§ **Exercise goal**:
Run through the records and, wherever a line holds the word "image", return that line.
──────── Data under study
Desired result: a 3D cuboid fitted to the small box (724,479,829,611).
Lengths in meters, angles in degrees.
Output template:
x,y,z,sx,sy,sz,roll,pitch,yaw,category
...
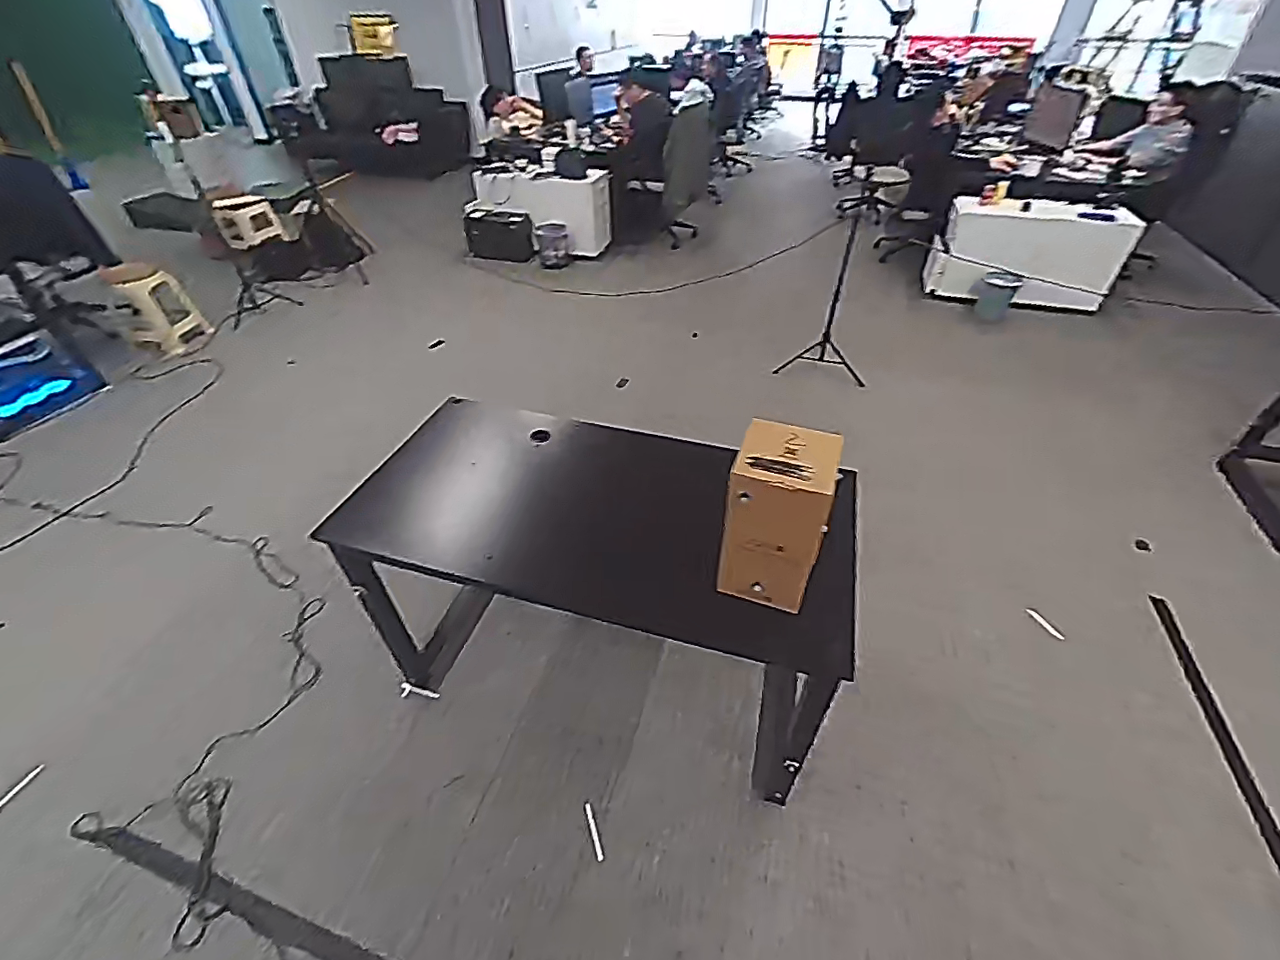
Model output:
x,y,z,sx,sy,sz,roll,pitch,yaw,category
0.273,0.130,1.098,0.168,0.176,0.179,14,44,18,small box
────────────────
──────── Data under study
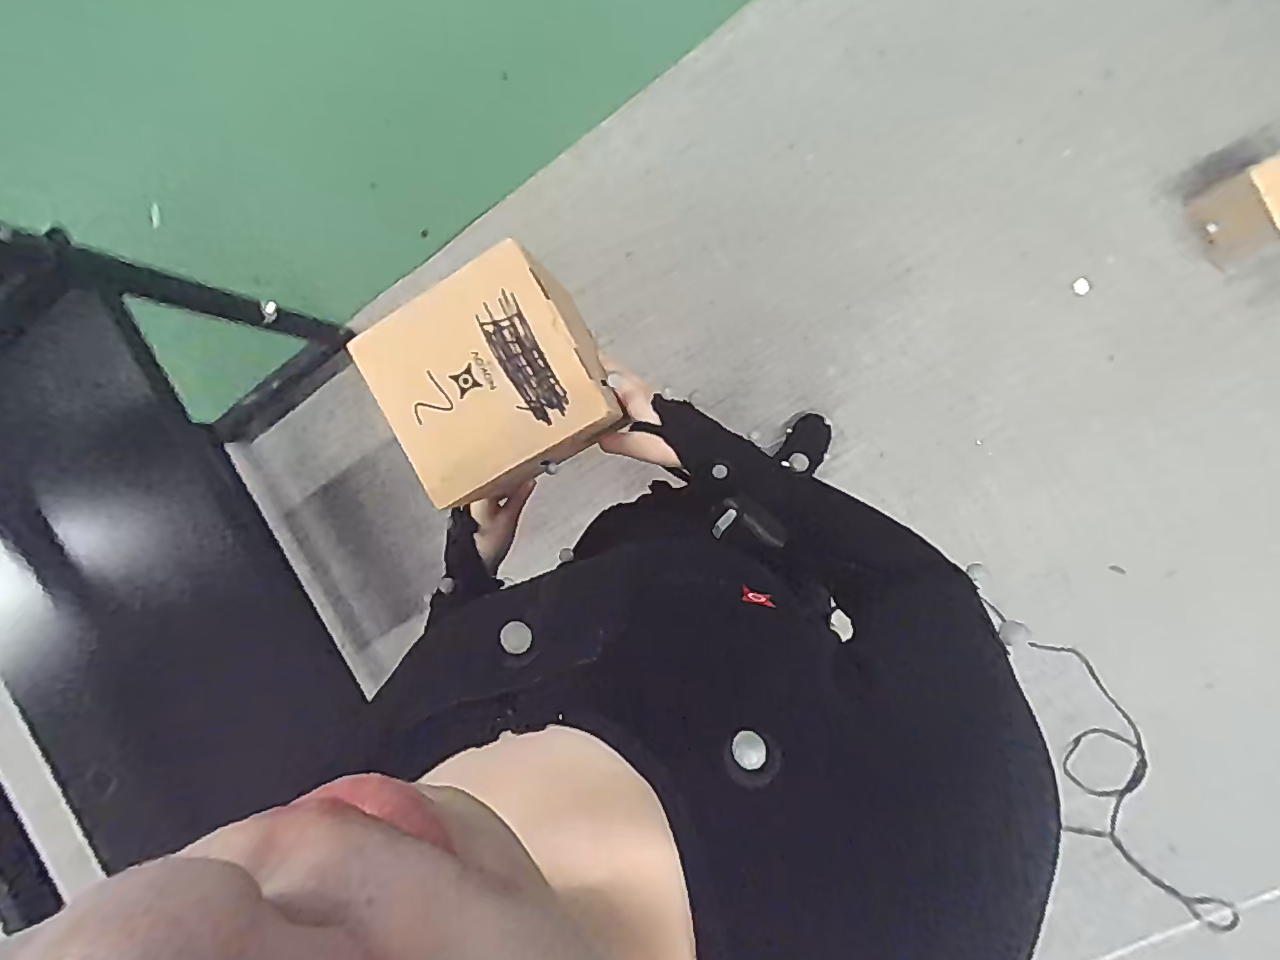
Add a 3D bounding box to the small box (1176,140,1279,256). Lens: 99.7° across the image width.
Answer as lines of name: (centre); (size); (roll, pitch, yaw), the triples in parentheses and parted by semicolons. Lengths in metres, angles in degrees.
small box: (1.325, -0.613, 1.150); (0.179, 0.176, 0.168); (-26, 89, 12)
────────────────
──────── Data under study
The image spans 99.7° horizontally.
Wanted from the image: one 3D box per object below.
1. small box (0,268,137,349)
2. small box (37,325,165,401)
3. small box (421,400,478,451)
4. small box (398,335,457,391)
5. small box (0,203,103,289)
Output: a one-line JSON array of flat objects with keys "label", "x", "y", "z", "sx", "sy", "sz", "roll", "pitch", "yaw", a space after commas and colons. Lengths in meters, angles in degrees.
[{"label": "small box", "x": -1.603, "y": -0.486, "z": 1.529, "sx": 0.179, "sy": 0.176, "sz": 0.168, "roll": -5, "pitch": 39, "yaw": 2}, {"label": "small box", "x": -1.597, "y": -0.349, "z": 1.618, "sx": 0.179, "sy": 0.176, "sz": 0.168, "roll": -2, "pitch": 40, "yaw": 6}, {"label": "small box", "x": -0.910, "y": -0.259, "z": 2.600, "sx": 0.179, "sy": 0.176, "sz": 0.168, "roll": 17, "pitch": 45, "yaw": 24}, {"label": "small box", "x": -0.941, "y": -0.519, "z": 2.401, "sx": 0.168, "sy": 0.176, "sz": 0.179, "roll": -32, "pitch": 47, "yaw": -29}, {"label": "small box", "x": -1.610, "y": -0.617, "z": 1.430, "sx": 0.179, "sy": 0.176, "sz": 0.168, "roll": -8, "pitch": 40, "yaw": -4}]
────────────────
§ **Exercise response**:
Add a 3D bounding box to the small box (1176,140,1279,256). Lens: 99.7° across the image width.
The image spans 99.7° horizontally.
Wanted from the image: one 3D box per object below.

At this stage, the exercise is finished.